EvolutionPipeline — Multi-epoch loop with pluggable EvolutionStrategy driving synthesis → training → evaluation per epoch, with early stopping.
SynthesisPipeline — Data augmentation via filter → dedup → synthesise → split, with DataSynthesiser ABC and TemplateSynthesiser concrete implementation.
TrajectoryDataset — SAR (state-action-reward) capture with TrajectoryItem, TrajectoryStrategy ABC, and DefaultStrategy for message-based extraction.
VeRLTrainer — Concrete Trainer for VeRL-based RL (PPO/GRPO) with VeRLConfig, RewardSpec, and lazy VeRL import.

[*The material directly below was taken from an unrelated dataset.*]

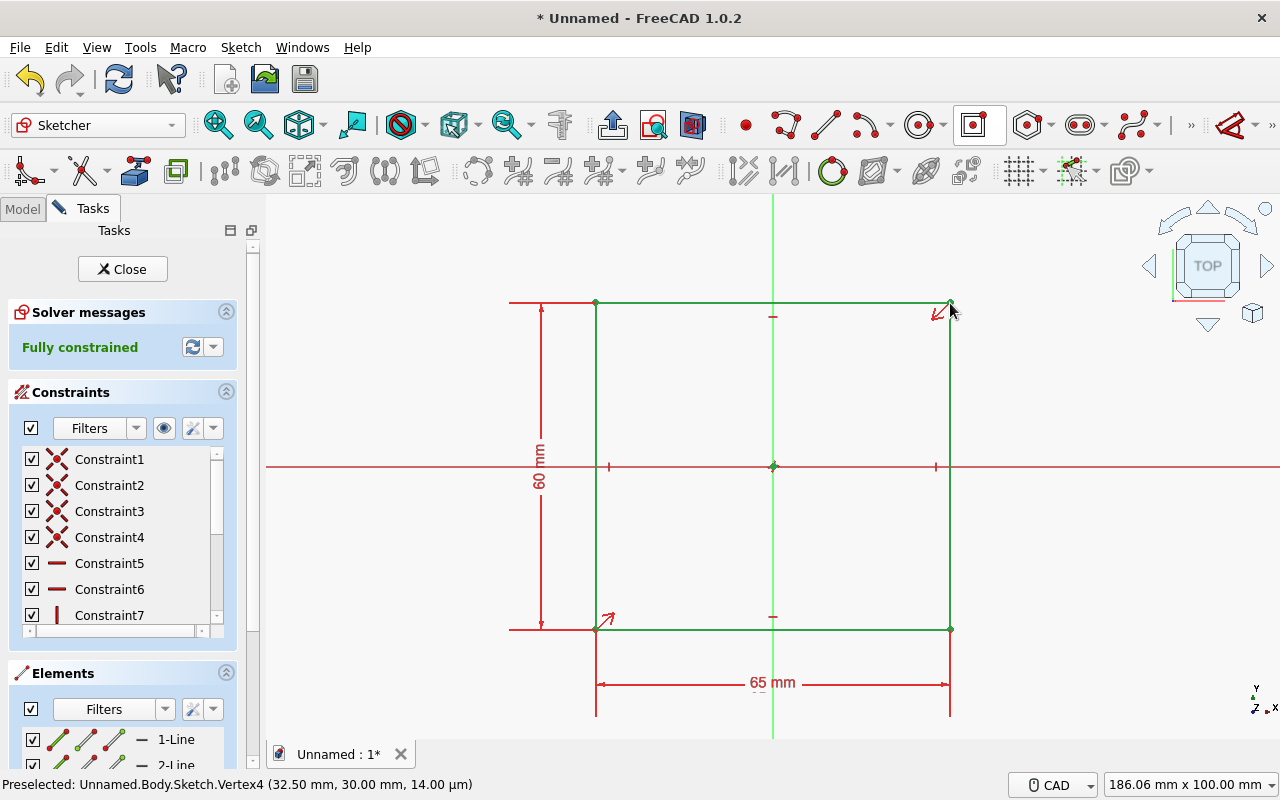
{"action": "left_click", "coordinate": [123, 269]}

However, it lacks operator-centric self-optimization — the ability to decompose an agent into individually optimizable units (operators) and iteratively improve their parameters (prompts, tool descriptions, memory configs) using textual gradients.

Agent-core (openjiuwen/agent_evolving/) provides a production-grade implementation:

Operator ABC — Atomic execution and optimization unit with get_tunables(), set_parameter(), get_state()/load_state(), and invoke().
Domain Optimizers — InstructionOptimizer (LLM prompts), ToolOptimizerBase (tool descriptions), MemoryOptimizerBase (memory configs) with textual gradient backward/step pipeline.
Updaters — SingleDimUpdater (one optimizer) and MultiDimUpdater (multi-domain composition with attribution).
Trainer — Orchestrates forward pass → trajectory extraction → update generation → candidate selection → checkpointing.
Trajectory Extraction — TracerTrajectoryExtractor builds DAG-linked TrajectoryStep sequences from session tracer spans.
Checkpointing — EvolveCheckpoint with operator state persistence and resume.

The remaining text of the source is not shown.